Conventions : CF-1.6

## 2. Download script and configuration scripts 

### 2.1 ERA5 and ArCo Data Download Scripts for Reproducability

This dataset includes two SLURM scripts to download ERA5 atmospheric data (Hersbach et al. 2017). Both scripts are required to obtain the full set of 3D and 2D hourly fields for the period 1941–2024.

### 2.2 Downloading 3D Fields from ArCo Cloud (Carver et al. 2023)

The script `submit_download_arco` downloads specific humidity (`q`), zonal wind (`u`), and meridional wind (`v`) on model levels using the ArCo cloud. It runs as a SLURM array job to cover each year and month combination from 1941 to 2024.

It activates the `metview-env` Conda environment (see https://metview.readthedocs.io/en/latest/), creates temporary directories for each run, and calls `download_arco.py` with a 1-hour timestep. 

The output directory and temporary directory need to be specified in the script.

### 2.3 Downloading 2D Fields from CDS

The script `submit_download_era5_sfc` downloads surface-level hourly ERA5 data from the Copernicus Climate Data Store. It loops over the years 1941–2024 and uses two scripts:

* `download_era5_sfc.py` for accumulated fields: total precipitation (`tp`) and evaporation (`e`)
* `download_era5_sfc_inst.py` for instantaneous fields: surface pressure (`sp`) and total column water (`tcw`)
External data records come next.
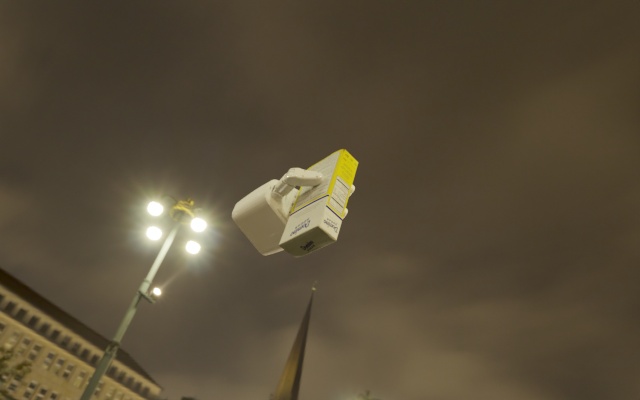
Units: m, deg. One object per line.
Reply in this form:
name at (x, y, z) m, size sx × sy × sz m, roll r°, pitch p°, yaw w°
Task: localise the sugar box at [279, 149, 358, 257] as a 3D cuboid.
sugar box at (0.000, 0.003, 0.764) m, size 0.048 × 0.176 × 0.093 m, roll 40°, pitch -45°, yaw -25°
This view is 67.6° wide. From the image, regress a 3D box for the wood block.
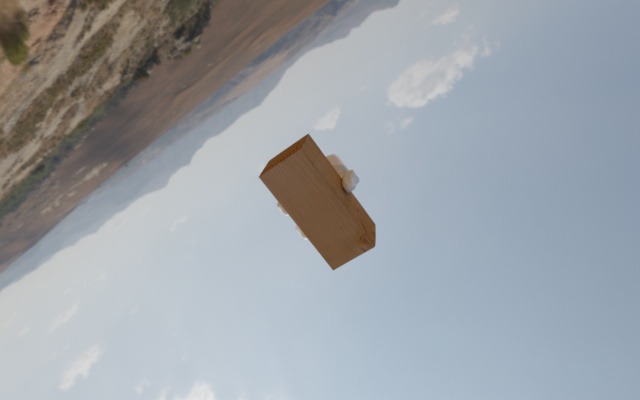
[{"bbox_3d":[0.000,0.002,0.814,0.091,0.206,0.090,-33,16,19],"label":"wood block"}]

It runs in the `wamenv` Conda environment (see https://wam2layers.readthedocs.io/en/latest/quickstart.html) which is then also used for the preprocessing of the data in a later step. The output directory needs to be specified.

### 2.4 Requirements

* SLURM workload manager
* Conda environments: `metview-env`, `wamenv`
* Python scripts:

  * `download_arco.py`
  * `download_era5_sfc.py`
  * `download_era5_sfc_inst.py`

### 2.5 Running the Scripts

```
bash
sbatch submit_download_arco.sh
sbatch submit_download_era5_sfc.sh
```

Make sure the Conda environments and scripts are correctly set up before submitting the jobs.
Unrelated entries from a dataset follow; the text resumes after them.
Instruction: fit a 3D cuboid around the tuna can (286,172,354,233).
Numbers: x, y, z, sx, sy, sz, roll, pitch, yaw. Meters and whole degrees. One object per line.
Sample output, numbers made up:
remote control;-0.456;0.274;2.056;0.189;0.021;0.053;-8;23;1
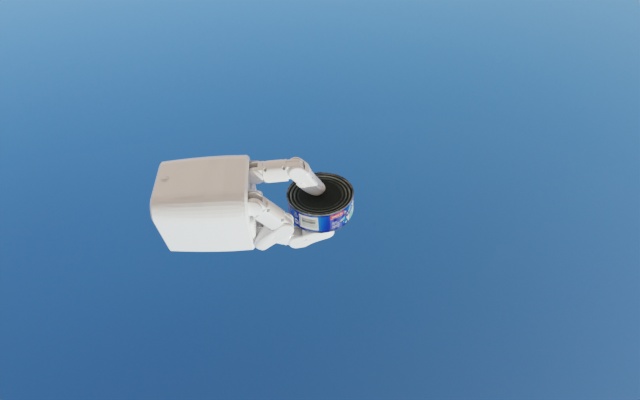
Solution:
tuna can;0.000;0.002;0.616;0.086;0.034;0.086;-2;40;2

## 3. Preprocessing the downloaded data

Using the WAM2layers software (Kalverla et al. 2024) one can run the config-script:

`config_preprocessing.yaml` with the follow command from with the Conda environment `wamenv`:

```
wam2layers preprocess era5 config_preprocessing.yaml
```

More information on using WAM2layers: https://wam2layers.readthedocs.io/en/latest/

## 4. References

Hersbach, H., Bell, B., Berrisford, P., Hirahara, S., Horányi, A., Muñoz‐Sabater, J., Nicolas, J., Peubey, C., Radu, R., Schepers, D., Simmons, A., Soci, C., Abdalla, S., Abellan, X., Balsamo, G., Bechtold, P., Biavati, G., Bidlot, J., Bonavita, M., De Chiara, G., Dahlgren, P., Dee, D., Diamantakis, M., Dragani, R., Flemming, J., Forbes, R., Fuentes, M., Geer, A., Haimberger, L., Healy, S., Hogan, R.J., Hólm, E., Janisková, M., Keeley, S., Laloyaux, P., Lopez, P., Lupu, C., Radnoti, G., de Rosnay, P., Rozum, I., Vamborg, F.,Villaume, S., Thépaut, J-N. (2017): Complete ERA5: Fifth generation of ECMWF atmospheric reanalyses of the global climate. Copernicus Climate Change Service (C3S) Data Store (CDS).
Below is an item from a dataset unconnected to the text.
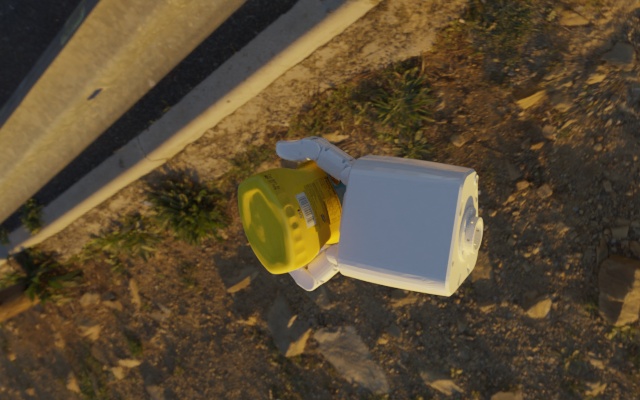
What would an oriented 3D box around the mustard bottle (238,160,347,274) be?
[{"bbox_3d":[0.000,0.002,0.511,0.058,0.096,0.191,-21,1,36],"label":"mustard bottle"}]
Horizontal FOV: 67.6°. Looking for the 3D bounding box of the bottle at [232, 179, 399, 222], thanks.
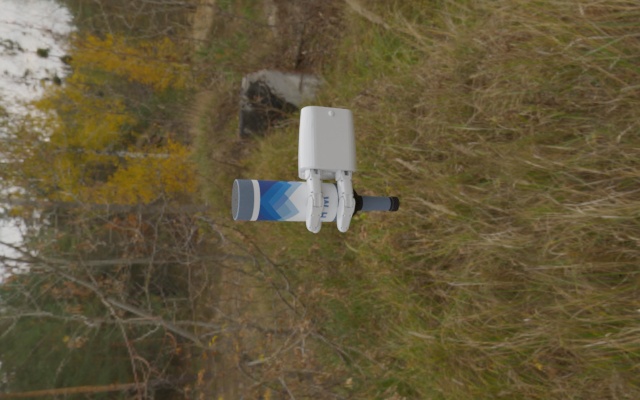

Carver, Robert W, and Merose, Alex. (2023): ARCO-ERA5: An Analysis-Ready Cloud-Optimized Reanalysis Dataset.22nd Conf. on AI for Env. Science, Denver, CO, Amer. Meteo. Soc, 4A.1,https://ams.confex.com/ams/103ANNUAL/meetingapp.cgi/Paper/415842


Kalverla, P., Benedict, I., Weijenborg, C., & van der Ent, R. J. (2024). Atmospheric moisture tracking with WAM2layers v3. EGUsphere, 2024, 1-29.